The new study revealed that teens who reported having trouble sleeping at least once a week were found to be more likely to consume alcohol, drugs and engage in risky sexual endeavors.
The researchers found that the teenagers who did not get sufficient sleep at night had a 33% higher risk of engaging in dangerous behaviors.
Maria Wong, from the Idaho State University and the author of the scientific study, explained that the national statistics show that approximately 27% of pre-teens and 45% of teenagers do not get as much sleep as they should.
Other reports revealed that one in ten adolescents encounter difficulties in falling asleep or staying asleep almost on a daily basis.
The new study showing that lack of sufficient sleep in teens leads to risky behavior was based on data gathered from 6,504 teenagers between 1994 and 2002.
Wong gave details about the study saying that teenagers who had sleep-related problems were more prone to have interpersonal issues related to alcohol, including binge drinking, driving under alcohol influence, sexual relations after consuming too much alcohol which they later regretted and drug consumption.
Wong explained that driving after consuming alcohol, having unprotected sexual relations and binge drinking are some of the most serious side effects of lack of sleep, according to the new study.
On the other hand, the teenagers who get extra sleep are more likely to avoid dangerous behaviors like reckless drinking.

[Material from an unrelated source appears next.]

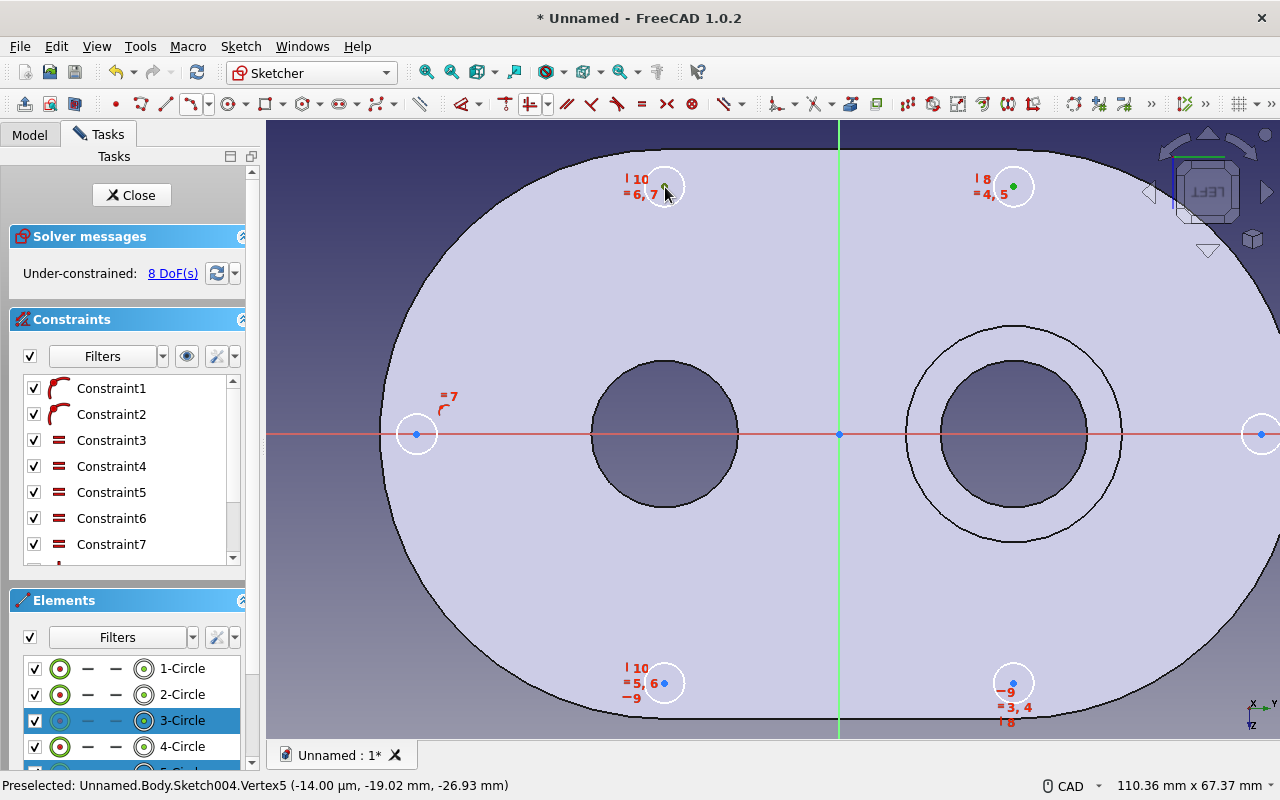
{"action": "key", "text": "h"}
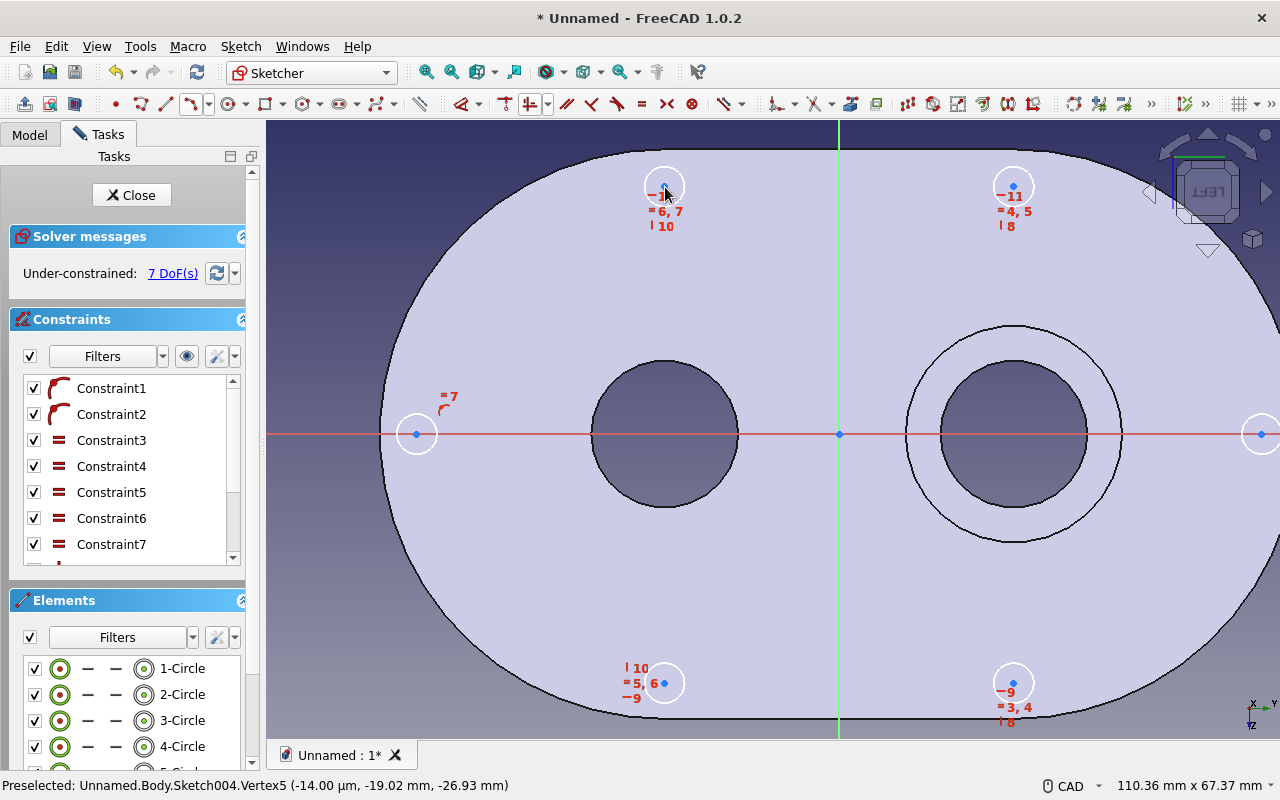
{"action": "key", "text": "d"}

Professor Wong said that most people don’t realize how important sleep is for avoiding later problems in life, especially for young people. She explained that parents need to talk to their children not only about their grades and extracurricular activities, but also about the importance of sufficient sleep.
She advises the teenagers who have problems falling asleep or staying asleep to get professional help.
Teenagers who have troubles sleeping need to avoid spending too much time in front of electronic devices before sleeping hours, as it has been proved that this can cause sleep deprivation.